In some cases, it is not possible to upgrade all workers in one request. It is system administrator’s responsibility to make sure that the following conditions are met:

  • If the system has more than five workers, then they cannot all be rebuilt with a single request.

    In this case, the rebuild should be split into multiple requests, with each request specifying no more than five workers.

  • No single rebuild request should include all of the worker nodes that have DVS running on them. For High Availability, DVS requires at least two workers running DVS and CPS at all times.

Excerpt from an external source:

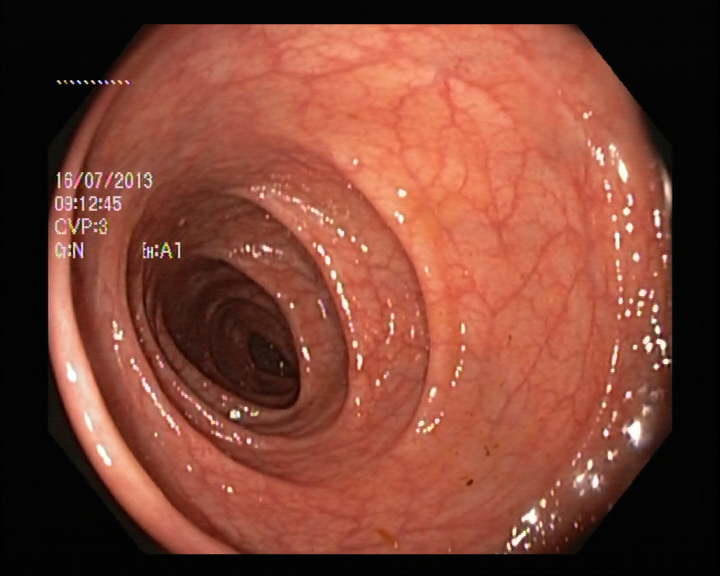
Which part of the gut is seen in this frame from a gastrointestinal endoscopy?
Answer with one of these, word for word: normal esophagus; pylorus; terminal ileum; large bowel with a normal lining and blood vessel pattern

large bowel with a normal lining and blood vessel pattern
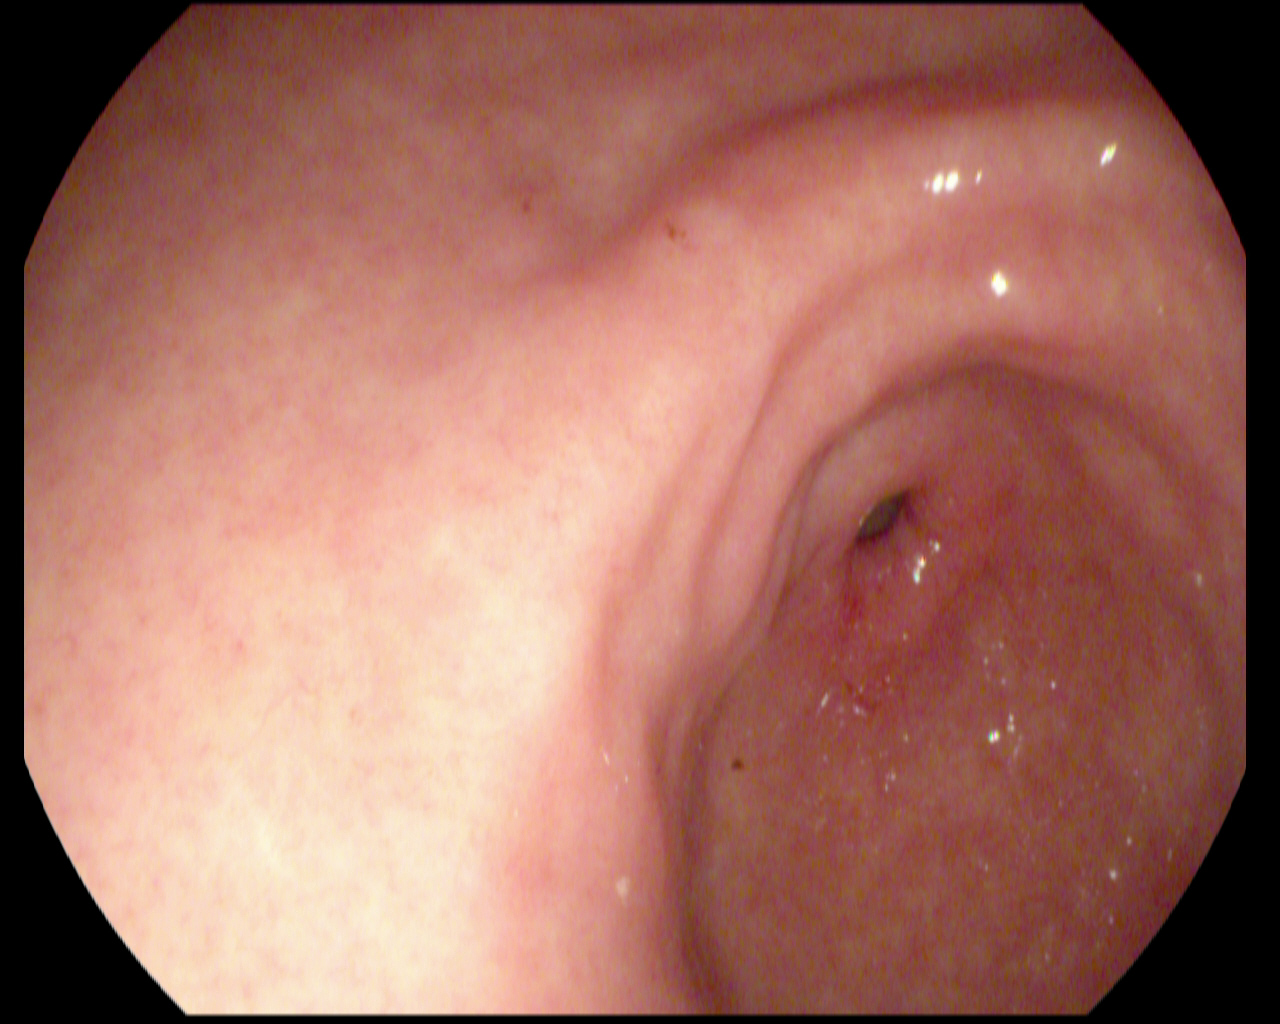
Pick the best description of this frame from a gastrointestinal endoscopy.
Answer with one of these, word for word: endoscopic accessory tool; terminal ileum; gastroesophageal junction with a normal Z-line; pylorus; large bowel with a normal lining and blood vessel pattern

  • When rebuilding worker nodes which are running DVS, it is not recommended to simultaneously reboot compute nodes. This is to avoid restarting DVS clients and servers at the same time.

Example

(ncn-m001#) An example of a single request to rebuild multiple worker nodes simultaneously:

/usr/share/doc/csm/upgrade/scripts/upgrade/ncn-upgrade-worker-storage-nodes.sh ncn-w002,ncn-w003,ncn-w004

Master node

If Kubernetes encryption has been enabled via the Kubernetes Encryption Documentation, then backup the /etc/cray/kubernetes/encryption directory on the master node before upgrading. The directory needs to be restored after the node has been rebuilt and the kube-apiserver on the node should be restarted. See details on how to restart the kube-apiserver in the Kubernetes kube-apiserver Failing document.

(ncn-m#) Run ncn-rebuild-master-nodes.sh:

/usr/share/doc/csm/upgrade/scripts/rebuild/ncn-rebuild-master-nodes.sh ncn-m002

Storage node

See Prepare Storage Nodes.

Validation

After completing all of the steps, run the Final Validation steps.